Notice of intent and request for public comments; public meeting notice.


The Coast Guard announces its intent to prepare a draft Programmatic Environmental Impact Statement (PEIS) for the development of Start Printed Page 67442a proposed action to modernize and replace the aging and technologically obsolete Coast Guard assets required for Deepwater missions. The Deepwater Capability Replacement Project (Deepwater Project) has been initiated to ensure the timely acquisition over the next few decades of appropriate assets for Deepwater missions. The Coast Guard seeks public and agency input on the scope of the PEIS. Specifically, the Coast Guard requests input on any environmental concerns that the public may have related to existing Deepwater assets, the proposal to replace and/or modernize these assets, sources of relevant data or information, and any suggested analysis methods for inclusion in the PEIS.
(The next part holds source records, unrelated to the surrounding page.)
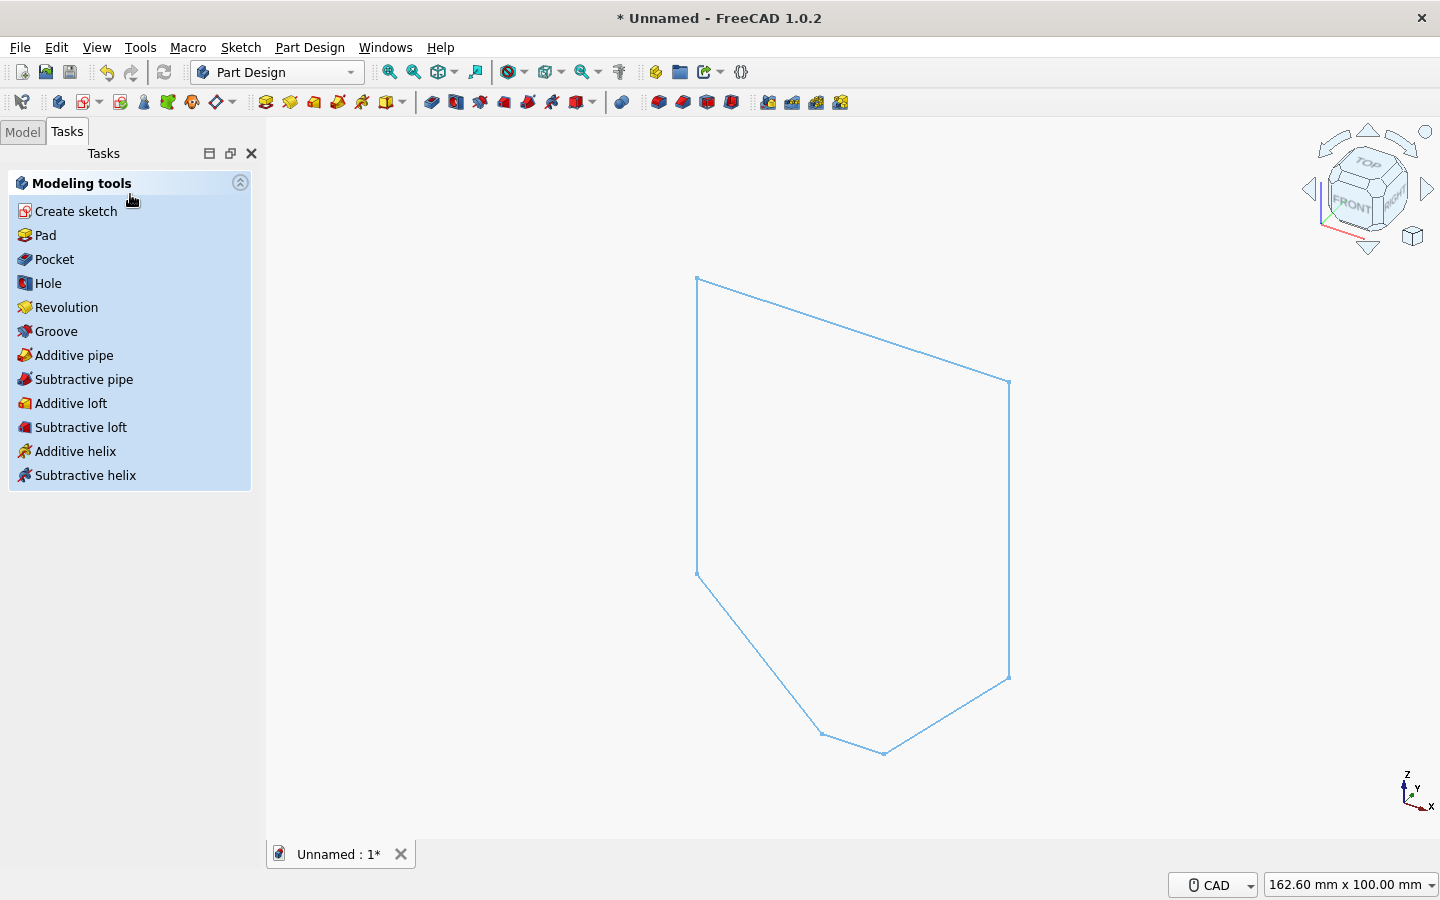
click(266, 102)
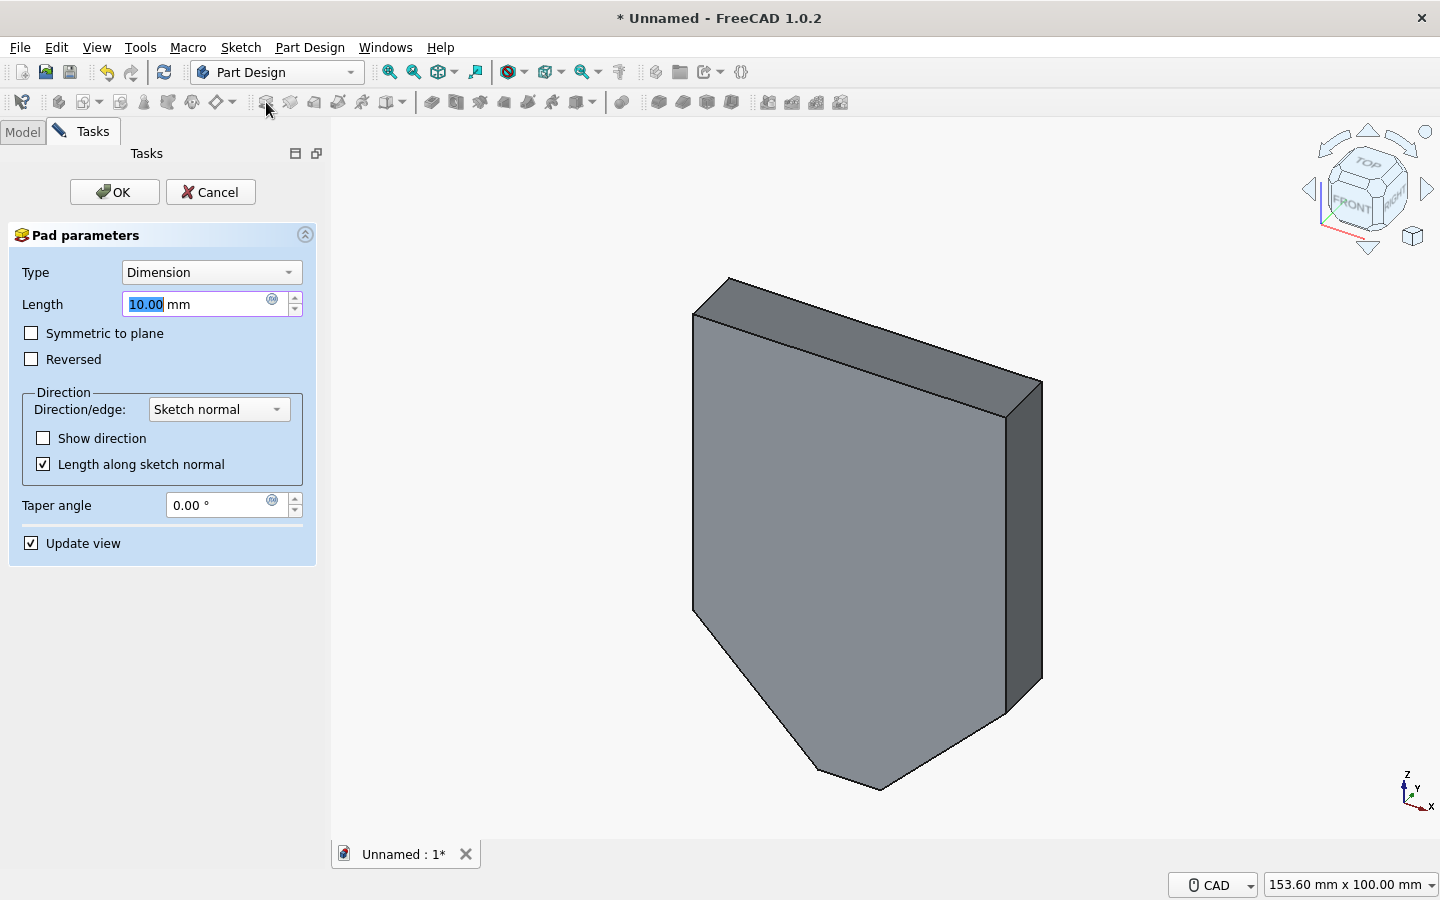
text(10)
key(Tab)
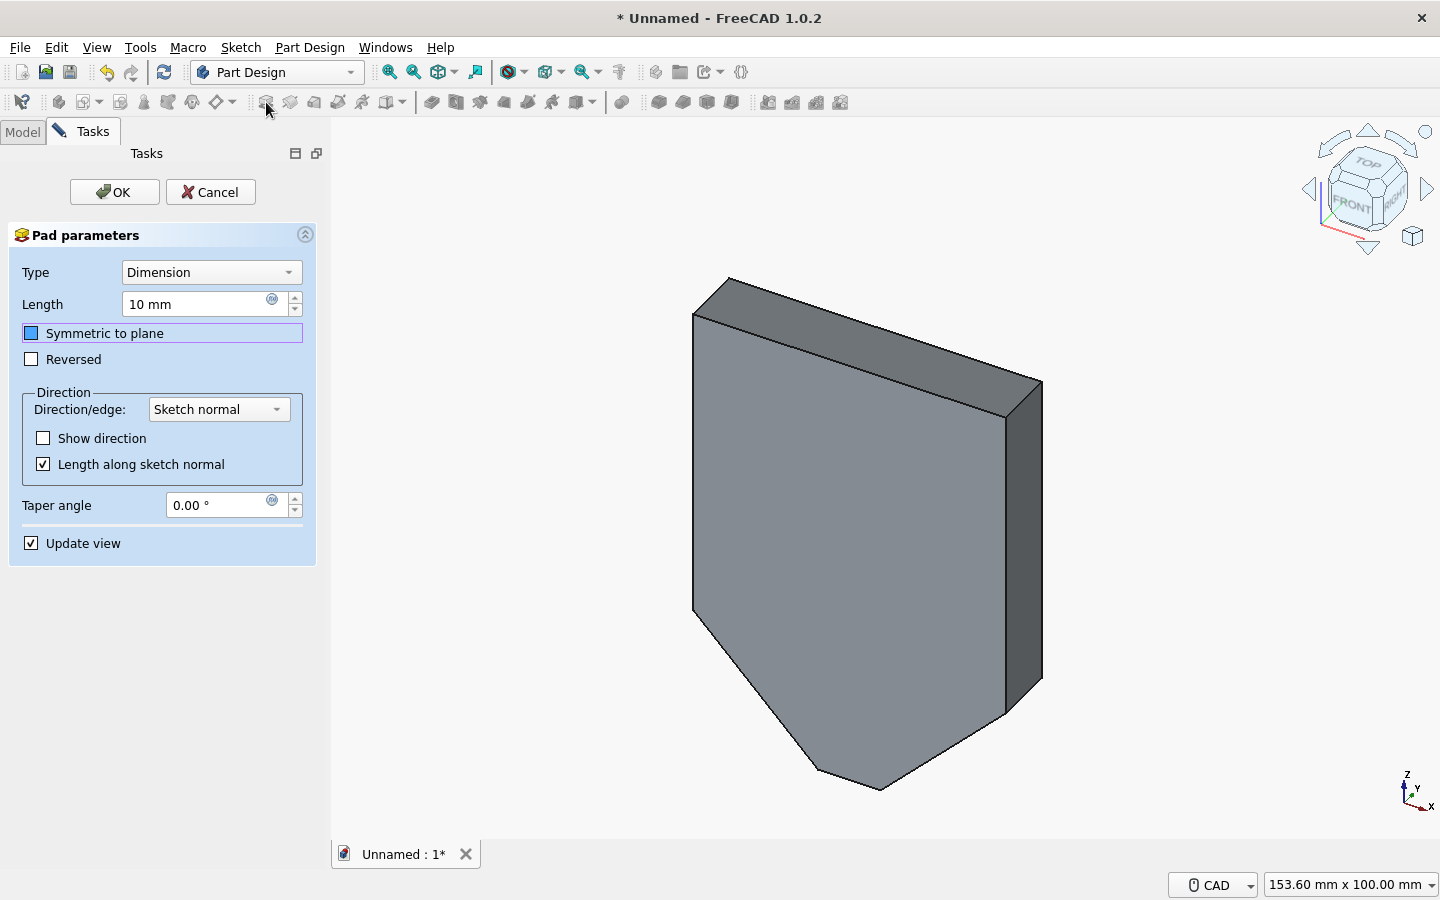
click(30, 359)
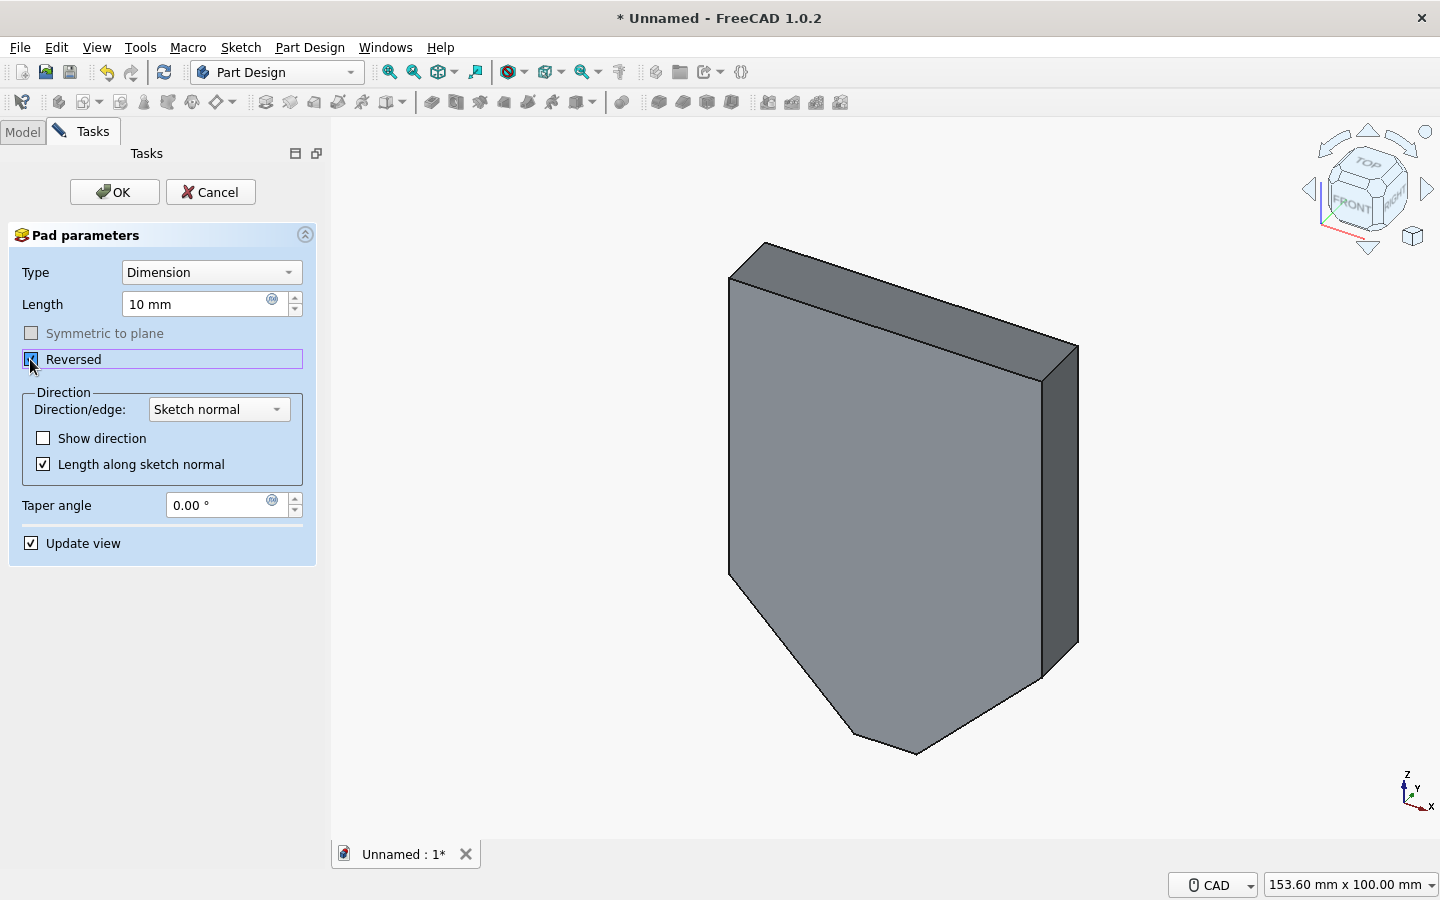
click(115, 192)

Comments must reach the Coast Guard on or before January 19, 2001. Open houses will be held on the following dates:

Oakland, CA, November 27, 2000 from 2 p.m. to 8 p.m.

Seattle, WA, November 28, 2000 from 2 p.m. to 8 p.m.

Juneau, AK, November 30, 2000 from 2 p.m. to 8 p.m.

Cleveland, OH, December 4, 2000 from 2 p.m. to 8 p.m.

Cambridge, MA, December 5, 2000 from 2 p.m. to 8 p.m.

Portsmouth, VA, December 7, 2000 from 2 p.m. to 8 p.m.

New Orleans, LA, December 11, 2000 from 2 p.m. to 8 p.m.

Miami, FL, December 12, 2000 from 2 p.m. to 8 p.m.

Honolulu, HI, December 14, 2000 from 2 p.m. to 8 p.m.


The open houses will be held at the following locations:

Oakland, CA—Marriott at City Center, Room 210, 1001 Broadway

Seattle, WA—Seattle Center, Shaw Room, Northwest Rooms Building, 305 Harrison Street

Juneau, AK—Centennial Hall Convention Center, Egan Room, 101 Egan Drive

Cleveland, OH—Cleveland State University, University Center, Room 364, 2121 Euclid Avenue

Cambridge, MA—Radisson Hotel, Ballroom, 777 Memorial Drive

Portsmouth, VA—Tidewater Community College, Waterfront Room, 7000 College Drive

New Orleans, LA—New Orleans Public Library, Smith Branch, 6301 Canal Blvd

Miami, FL—West Dade Regional Library, Auditorium, 9445 SW 24th Street

Honolulu, HI—Honolulu Maritime Center, Pacific Room, Pier 7 Honolulu Harbor

Comments may be submitted in several ways. To make sure your comments and related material are not entered more than once in the docket, please submit them by only one of the following means:

(1) By mail to the Docket Management Facility (USCG-2000-8229), US Department of Transportation, Room PL-401, 400 Seventh Street SW, Washington, DC 20590-0001.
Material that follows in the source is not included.